#### Prompt
Please show every line from the entries that carries the word "Caterpillars".
** Opening Extracted material block **
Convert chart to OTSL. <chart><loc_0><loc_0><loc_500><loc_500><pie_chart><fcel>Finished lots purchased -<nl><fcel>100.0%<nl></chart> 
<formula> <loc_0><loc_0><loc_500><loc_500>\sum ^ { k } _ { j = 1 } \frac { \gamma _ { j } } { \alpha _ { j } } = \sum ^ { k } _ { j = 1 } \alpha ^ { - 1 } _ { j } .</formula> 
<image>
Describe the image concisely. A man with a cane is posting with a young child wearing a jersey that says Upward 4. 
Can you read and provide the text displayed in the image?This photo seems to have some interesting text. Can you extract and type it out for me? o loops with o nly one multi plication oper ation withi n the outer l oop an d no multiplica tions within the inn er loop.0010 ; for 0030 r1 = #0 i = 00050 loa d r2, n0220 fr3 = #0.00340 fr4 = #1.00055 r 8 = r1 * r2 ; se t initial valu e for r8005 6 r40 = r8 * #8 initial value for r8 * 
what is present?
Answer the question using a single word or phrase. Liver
** Closing Extracted material block **
** Opening Extracted material block **
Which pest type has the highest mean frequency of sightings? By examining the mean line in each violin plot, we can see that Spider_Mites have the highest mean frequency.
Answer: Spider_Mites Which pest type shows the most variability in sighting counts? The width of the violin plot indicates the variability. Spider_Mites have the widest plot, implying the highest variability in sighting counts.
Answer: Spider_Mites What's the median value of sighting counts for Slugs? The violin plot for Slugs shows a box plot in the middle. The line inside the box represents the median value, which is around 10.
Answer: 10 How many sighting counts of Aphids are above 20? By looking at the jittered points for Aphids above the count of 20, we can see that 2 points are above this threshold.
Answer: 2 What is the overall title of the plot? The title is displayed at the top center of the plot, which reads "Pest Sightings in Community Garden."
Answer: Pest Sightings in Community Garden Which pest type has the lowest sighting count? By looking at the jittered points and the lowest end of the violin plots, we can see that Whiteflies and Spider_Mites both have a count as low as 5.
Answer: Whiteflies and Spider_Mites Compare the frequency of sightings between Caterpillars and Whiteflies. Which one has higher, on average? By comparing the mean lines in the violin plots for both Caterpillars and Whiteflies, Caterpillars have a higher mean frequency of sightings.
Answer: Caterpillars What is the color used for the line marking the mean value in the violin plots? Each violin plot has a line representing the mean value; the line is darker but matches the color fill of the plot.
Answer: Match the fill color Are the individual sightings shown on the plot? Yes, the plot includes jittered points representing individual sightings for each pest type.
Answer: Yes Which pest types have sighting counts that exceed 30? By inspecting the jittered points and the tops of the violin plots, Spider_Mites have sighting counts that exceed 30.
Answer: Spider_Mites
** Closing Extracted material block **
#### Answer for this exercise
Answer: Whiteflies and Spider_Mites Compare the frequency of sightings between Caterpillars and Whiteflies. Which one has higher, on average? By comparing the mean lines in the violin plots for both Caterpillars and Whiteflies, Caterpillars have a higher mean frequency of sightings.
Answer: Caterpillars What is the color used for the line marking the mean value in the violin plots? Each violin plot has a line representing the mean value; the line is darker but matches the color fill of the plot.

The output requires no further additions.